Palestinian-Canadian author, reporter and entrepreneur, Chaker Khazaal is proof that refugees can go on from displacement to incredible achievements. For this he has been named the world’s most inspiring young Arab, according to a new ranking published by Arabian Business on Sunday.
The 28-year-old beat 22-year-old Shamma Al Mazrouei, the youngest ever member of the UAE cabinet, and the country’s first ever Minister of State for Youth Affairs. Al Mazrouei was ranked second, ahead of Saudi entrepreneur Khalid Alkhudair.
The annual ranking reveals the 100 Arabs aged under 40 who are making a significant difference in the world, within their respective fields including science, arts, sport, business and government.
Rounding out the top 10 were: Hassan Al Thawadi (38), Noura Al Kaabi (37), Bader Al Kharafi (38), Fahad Al Rasheed (38), Saif Abou Zaid (33), Ahmad Belhoul (38) and Sultan Al Qassemi (38).
The UAE dominated the list with 23 young Arabs, down from 24 last year. Egypt (15), Lebanon (13), Saudi Arabia (12) and Palestine (10) also scored high.
Khazaal spent his early life living in Bourj El Barajneh, a Palestinian refugee camp in Beirut before emigrating to Canada after winning the Global Leader of Tomorrow Award from York University in Toronto. From there he released his critically acclaimed novel ‘Confessions of a War Child’ in 2013, the first in a thriller-romantic trilogy of fiction inspired by true stories of refugees and war around the world, mainly in the Middle East.

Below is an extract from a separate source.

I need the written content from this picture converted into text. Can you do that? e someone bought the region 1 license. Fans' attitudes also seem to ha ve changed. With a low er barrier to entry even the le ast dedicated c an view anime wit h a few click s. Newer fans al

Khazaal also formed a group of professional refugees from around the world, offering them contractual remote employment in e-marketing, graphics, social media management, and different web solutions. Thus, not only has he shone in a personal capacity but he has worked to improve the lives of others refugees.

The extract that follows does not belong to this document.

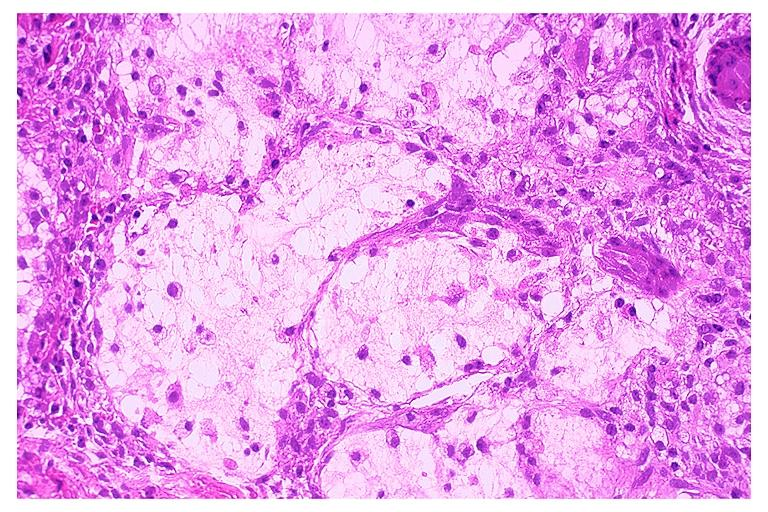what is present?
Answer the question using a single word or phrase. Oral

Meanwhile, eyes are on Al Mazrouei in her new role leading the way for Emirati youth. Only appointed in February, she is expected to help increase their involvement in decision making and represent their interests, which will likely include entrepreneurship and education.
Alkhudair is a standout representative of Saudi youth, having given up a comfortable job at auditor KPMG and taken the risk of creating his own company to help others. Glowork focuses on solving female unemployment in Saudi Arabia and he estimates it has now helped more than 26,000 women find direct jobs in the kingdom, while a far greater number have benefitted from access to the firm’s advice and career fairs.
The list does not include royal family members.